A In general the answer
is NO. However, if you were to paint it with a thick latex paint or some such
coating, it would have a considerable affect. But a powder coat or anodizing
will have little affect.
Q I have measured some
different chimes and the hang point is usually close but far from exact. Should
you drill the hang point hole at the center of the calculated measurement or is
the hang point where the string actually contacts the tube (upper edge of the
hole)?
A An excellent question. The answer is yes, the location of the hole should
allow the string to touch the upper edge of the hole at the hang point. I drill
just slightly below the mark to hang on the mark. With a small hole, there is
enough flexibility in the location that even drilling on the mark won't
seriously degrade the Q.
Q Does the hole size
that you drill for the hang point matter?
A
Yes, if it is large relative to the diameter of the tube it would affect the modes but a small hole has no affect. I
personally use 1/8 inch or smaller.
Q
I recently bought two
not cheap wind chimes – and they do not chime in the absence of hurricane gale
winds!!! Is there anything we (read – my husband) can do to get them to catch
any breeze that happens by? Would the CD section in your article be all he
needs? I have spent a long time on the internet looking for some quick fix but
can’t find anything. The power company recently cut down all of the shrubs we
have been carefully tending for years and now we have dreadful road noise. The
chimes were an optimistic detraction to that new situation
A
This is a typical problem in that the wind catcher is
often too small and too heavy. Without seeing the set of
chimes directly I might suggest you replace the wind catcher with something
larger and lighter weight. I use an old CD just to make the point that it needs
to be light weight and fairly large in size. Often an old CD is not large
enough.
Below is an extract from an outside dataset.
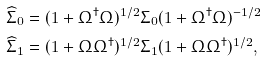Convert formula to latex. <formula><loc_0><loc_0><loc_500><loc_500>\widehat { \Sigma } _ { 0 } & = ( 1 + \Omega ^ { \dagger } \Omega ) ^ { 1 / 2 } \Sigma _ { 0 } ( 1 + \Omega ^ { \dagger } \Omega ) ^ { - 1 / 2 } \\ \widehat { \Sigma } _ { 1 } & = ( 1 + \Omega \Omega ^ { \dagger } ) ^ { 1 / 2 } \Sigma _ { 1 } ( 1 + \Omega \Omega ^ { \dagger } ) ^ { 1 / 2 } ,</formula>

You can use anything that
pleases your eye and meets the size requirements, like a decorative aluminum pie
pan or any such item.
Q
Where do I get the mounting pins and what size is recommended?
A
I typically use 1/8 inch brass pins and that stock is available
at my local hobby store where a person can buy model airplane parts, model
trains, model cars and the like. I have also seen 1/8 inch round stock at Home
Depot.
Q
How are they held in position in the tubes?
A
If you put a 1/8 inch rod in a 1/8 inch hole it can be loose. I
will take a hammer and slightly flatten one end of the pin for a force fit.
Q
How does the string stay in the middle of pin and not slide off
to the side?
A A spot of hot glue or
epoxy will do the trick. A knot works well too. Click
here to see a mechanical
method
Q
What type of string is recommended to hang the pipes?
A
I have had good long term endurance with the nylon plumbing line
from Home Depot and available in several colors. To reduce the UV effects I most
often will dip the white nylon line in a dark wood stain to help reduce the
deterioration over time. Nylon fishing line works well but be sure to deburr the
mounting holes. For the heavy chimes I use 1/8 inch cable-pull nylon line
used in the electronic data transmission business. I found an ample supply
at a Hamfest one day. Not sure where to buy it over the counter. Might try
an electrical supply store?
Q I would like to know if it is possible to support a chime in a
way that it is fixed, for example with a nail, without loosing its tune. I'm
asking because I would like to build a music box. Also is it possible to fix it
in a way that I wont need to drill a hole in it?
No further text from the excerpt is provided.